Reiterating the standard under Specialty Healthcare, but with a slightly different construction, the majority stated the Board will approve a petitioned-for unit that is made up of a subdivision of employee classifications if said unit: 1) shares a community of interest; 2) is readily identifiable as a group based on job classifications, departments, functions, work locations, skills, or similar factors; and 3) is sufficiently distinct.
The challenge for parties who wish to challenge the petitioned-for unit lies in Specialty Healthcare’s reinstated heightened showing. If a party contends that the petitioned-for unit excludes additional employees, then that party must demonstrate that an “overwhelming community of interest” exists between the petitioned-for employees and excluded employees such that there is no rational basis for the exclusion. Due to this heightened showing, the Board will not mandate inclusion of additional employees unless the interests of the petitioned-for employees and the excluded employees overlap almost completely—such a showing will demonstrate that the petitioned-for unit is truly arbitrary and must include the excluded employees.
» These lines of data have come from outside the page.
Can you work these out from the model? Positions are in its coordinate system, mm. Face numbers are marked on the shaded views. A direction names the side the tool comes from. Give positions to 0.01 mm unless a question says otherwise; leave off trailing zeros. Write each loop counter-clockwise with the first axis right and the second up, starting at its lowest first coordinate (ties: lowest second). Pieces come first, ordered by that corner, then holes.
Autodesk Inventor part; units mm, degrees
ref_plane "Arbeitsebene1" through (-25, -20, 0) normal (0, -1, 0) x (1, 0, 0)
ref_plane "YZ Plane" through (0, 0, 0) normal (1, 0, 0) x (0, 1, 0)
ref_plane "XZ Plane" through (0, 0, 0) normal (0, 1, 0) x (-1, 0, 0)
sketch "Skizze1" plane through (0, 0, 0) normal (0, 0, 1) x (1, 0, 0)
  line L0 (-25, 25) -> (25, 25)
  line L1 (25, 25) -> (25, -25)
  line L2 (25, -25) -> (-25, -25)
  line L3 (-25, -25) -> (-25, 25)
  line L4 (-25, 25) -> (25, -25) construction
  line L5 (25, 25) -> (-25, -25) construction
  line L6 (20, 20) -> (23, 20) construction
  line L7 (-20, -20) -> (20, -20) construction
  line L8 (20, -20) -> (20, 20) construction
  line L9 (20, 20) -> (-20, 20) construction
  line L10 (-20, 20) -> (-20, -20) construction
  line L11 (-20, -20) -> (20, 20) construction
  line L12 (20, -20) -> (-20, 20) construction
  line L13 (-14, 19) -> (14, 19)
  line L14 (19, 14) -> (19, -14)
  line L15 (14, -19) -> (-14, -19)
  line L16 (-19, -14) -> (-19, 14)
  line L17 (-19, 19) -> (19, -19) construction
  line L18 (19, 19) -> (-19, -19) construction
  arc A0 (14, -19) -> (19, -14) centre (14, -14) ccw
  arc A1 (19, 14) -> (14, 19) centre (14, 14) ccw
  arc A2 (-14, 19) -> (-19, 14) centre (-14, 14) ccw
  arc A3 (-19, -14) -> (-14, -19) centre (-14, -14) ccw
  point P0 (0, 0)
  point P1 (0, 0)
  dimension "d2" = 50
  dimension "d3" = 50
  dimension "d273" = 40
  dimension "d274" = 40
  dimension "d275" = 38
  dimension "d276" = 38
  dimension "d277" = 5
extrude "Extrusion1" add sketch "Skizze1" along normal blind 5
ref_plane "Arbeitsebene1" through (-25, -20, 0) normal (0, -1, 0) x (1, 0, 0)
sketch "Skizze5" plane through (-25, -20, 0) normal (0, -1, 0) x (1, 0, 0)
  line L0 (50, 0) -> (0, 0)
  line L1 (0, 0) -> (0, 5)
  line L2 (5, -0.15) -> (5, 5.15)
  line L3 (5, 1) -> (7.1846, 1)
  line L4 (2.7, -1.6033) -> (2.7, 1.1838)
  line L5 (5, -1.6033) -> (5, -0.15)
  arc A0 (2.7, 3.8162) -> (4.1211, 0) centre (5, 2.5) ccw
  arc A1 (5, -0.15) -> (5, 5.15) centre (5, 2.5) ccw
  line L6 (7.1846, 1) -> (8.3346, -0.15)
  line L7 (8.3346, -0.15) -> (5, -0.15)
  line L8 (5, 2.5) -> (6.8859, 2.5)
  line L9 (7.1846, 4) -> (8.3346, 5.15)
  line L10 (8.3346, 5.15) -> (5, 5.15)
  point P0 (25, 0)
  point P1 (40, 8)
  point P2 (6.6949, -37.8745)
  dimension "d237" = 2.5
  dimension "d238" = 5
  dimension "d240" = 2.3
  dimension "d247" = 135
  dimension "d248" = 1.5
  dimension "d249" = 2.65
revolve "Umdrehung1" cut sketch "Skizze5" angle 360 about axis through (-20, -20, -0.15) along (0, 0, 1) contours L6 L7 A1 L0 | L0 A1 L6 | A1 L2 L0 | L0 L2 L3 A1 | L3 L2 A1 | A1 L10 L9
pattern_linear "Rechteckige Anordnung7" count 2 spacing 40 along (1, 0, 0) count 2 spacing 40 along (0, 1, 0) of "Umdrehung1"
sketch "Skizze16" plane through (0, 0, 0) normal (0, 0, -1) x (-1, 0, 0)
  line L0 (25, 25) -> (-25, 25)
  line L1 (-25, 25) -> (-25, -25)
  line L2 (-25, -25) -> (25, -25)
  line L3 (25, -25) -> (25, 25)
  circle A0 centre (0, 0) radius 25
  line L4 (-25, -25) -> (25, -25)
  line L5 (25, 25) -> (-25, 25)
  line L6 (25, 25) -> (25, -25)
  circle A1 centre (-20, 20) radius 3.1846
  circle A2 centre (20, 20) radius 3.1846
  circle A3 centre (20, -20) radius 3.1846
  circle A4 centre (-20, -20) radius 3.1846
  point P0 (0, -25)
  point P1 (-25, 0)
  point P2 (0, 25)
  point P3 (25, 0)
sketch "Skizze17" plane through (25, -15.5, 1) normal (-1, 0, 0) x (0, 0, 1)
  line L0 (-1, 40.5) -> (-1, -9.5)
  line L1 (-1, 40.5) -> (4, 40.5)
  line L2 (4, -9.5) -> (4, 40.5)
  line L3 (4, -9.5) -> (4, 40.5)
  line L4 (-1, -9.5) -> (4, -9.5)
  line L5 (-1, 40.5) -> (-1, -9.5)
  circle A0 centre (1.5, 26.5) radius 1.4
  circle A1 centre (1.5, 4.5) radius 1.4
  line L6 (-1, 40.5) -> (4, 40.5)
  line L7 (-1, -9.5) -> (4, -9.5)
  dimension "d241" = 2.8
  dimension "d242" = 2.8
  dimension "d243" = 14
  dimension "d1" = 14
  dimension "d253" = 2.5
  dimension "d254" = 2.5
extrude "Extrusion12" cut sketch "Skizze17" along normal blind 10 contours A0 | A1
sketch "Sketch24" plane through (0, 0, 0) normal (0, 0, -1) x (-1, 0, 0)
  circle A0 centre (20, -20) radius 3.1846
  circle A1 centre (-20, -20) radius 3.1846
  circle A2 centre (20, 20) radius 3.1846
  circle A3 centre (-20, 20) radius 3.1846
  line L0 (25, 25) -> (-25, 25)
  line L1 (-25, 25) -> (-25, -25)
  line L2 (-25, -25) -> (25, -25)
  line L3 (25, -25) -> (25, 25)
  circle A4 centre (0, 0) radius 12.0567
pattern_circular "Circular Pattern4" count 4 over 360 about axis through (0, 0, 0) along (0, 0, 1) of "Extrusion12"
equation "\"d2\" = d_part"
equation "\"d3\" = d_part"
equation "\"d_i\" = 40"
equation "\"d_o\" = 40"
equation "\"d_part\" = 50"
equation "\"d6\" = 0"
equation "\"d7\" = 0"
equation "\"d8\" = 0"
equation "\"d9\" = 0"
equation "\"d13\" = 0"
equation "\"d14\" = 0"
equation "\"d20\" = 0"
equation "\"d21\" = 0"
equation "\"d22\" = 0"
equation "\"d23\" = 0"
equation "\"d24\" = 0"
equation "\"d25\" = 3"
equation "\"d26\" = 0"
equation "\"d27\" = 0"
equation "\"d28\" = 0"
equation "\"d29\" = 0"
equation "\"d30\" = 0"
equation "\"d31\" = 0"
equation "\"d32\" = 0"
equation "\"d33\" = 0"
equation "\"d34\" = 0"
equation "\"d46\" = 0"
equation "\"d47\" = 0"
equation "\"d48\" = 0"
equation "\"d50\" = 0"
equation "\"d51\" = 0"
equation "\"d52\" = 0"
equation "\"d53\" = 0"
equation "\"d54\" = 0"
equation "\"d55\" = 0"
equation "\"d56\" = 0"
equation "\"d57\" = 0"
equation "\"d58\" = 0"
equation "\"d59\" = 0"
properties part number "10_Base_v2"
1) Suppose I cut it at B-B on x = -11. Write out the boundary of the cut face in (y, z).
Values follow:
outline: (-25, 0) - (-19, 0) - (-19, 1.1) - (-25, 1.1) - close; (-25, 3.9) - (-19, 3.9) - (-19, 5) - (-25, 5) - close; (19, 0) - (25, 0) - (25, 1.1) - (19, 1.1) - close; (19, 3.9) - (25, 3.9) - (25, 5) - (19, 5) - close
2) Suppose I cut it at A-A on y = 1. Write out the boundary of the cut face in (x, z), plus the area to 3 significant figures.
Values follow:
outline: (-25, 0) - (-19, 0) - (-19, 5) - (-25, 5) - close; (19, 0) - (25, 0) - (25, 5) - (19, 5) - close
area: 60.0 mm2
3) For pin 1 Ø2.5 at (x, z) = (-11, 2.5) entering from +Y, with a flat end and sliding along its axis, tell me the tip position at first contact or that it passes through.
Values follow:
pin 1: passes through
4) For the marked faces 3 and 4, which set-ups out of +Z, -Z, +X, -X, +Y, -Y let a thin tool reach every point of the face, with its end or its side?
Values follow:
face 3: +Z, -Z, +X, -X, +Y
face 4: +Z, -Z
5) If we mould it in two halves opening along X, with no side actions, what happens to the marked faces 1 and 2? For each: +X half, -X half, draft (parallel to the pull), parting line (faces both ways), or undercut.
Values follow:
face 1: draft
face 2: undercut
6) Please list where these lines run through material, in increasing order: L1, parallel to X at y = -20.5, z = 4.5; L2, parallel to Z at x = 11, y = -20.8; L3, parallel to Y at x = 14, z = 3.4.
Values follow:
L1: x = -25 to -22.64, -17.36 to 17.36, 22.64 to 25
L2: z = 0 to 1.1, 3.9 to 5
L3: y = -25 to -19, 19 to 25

This heightened showing departs from the standard used in PCC-Boeing to compare and weigh the interests of the petitioned-for employees and the excluded employees.
In overruling PCC-Boeing and reinstating the standard under Specialty Healthcare, the Board repeatedly emphasized that its role with respect to unit determinations is “to permit employees to organize in an appropriate unit, not to ascertain or require employees to organize in an optimal unit” in the Board’s judgment. Thus, according to the Board, the standard under Specialty Healthcare better promotes the policies of the Act by affording the employees seeking representation the fullest freedom to organize under Section 9 of the Act, better reflects traditional Board precedent, and better achieves consistency with Supreme Court precedent.
Board Members Marvin Kaplan and John Ring dissented and criticized the return to the Specialty Healthcare standard, concluding that the standard gives inappropriate weight to the extent of union organization, effectively creates a presumption that a petitioned-for unit is appropriate if an internal community of interest is shown, and creates a burden shifting structure where a party objecting to the unit must prove that the interests of the employees excluded from the unit are not sufficiently different under the “overwhelming community of interest” standard.
This decision represents yet another step this Board has taken in support of President Biden’s pro-labor agenda.
The Board’s decision encourages unions to petition for smaller, gerrymandered units and makes it more difficult for employers to successfully challenge the appropriateness of those units by contending that the petitioned-for unit is too narrow and excludes certain employees.
More importantly, this decision demonstrates how rapidly the standards applied by the Board can change and will likely increase the number of petitioned-for units that are approved by the Board moving forward.
 In addition to reinstating the Specialty Healthcare standard, the Board remanded the Petition at issue to the Regional Director for action consistent with its decision and Specialty Healthcare standard and requires that the Specialty Healthcare standard apply retroactively to all pending cases.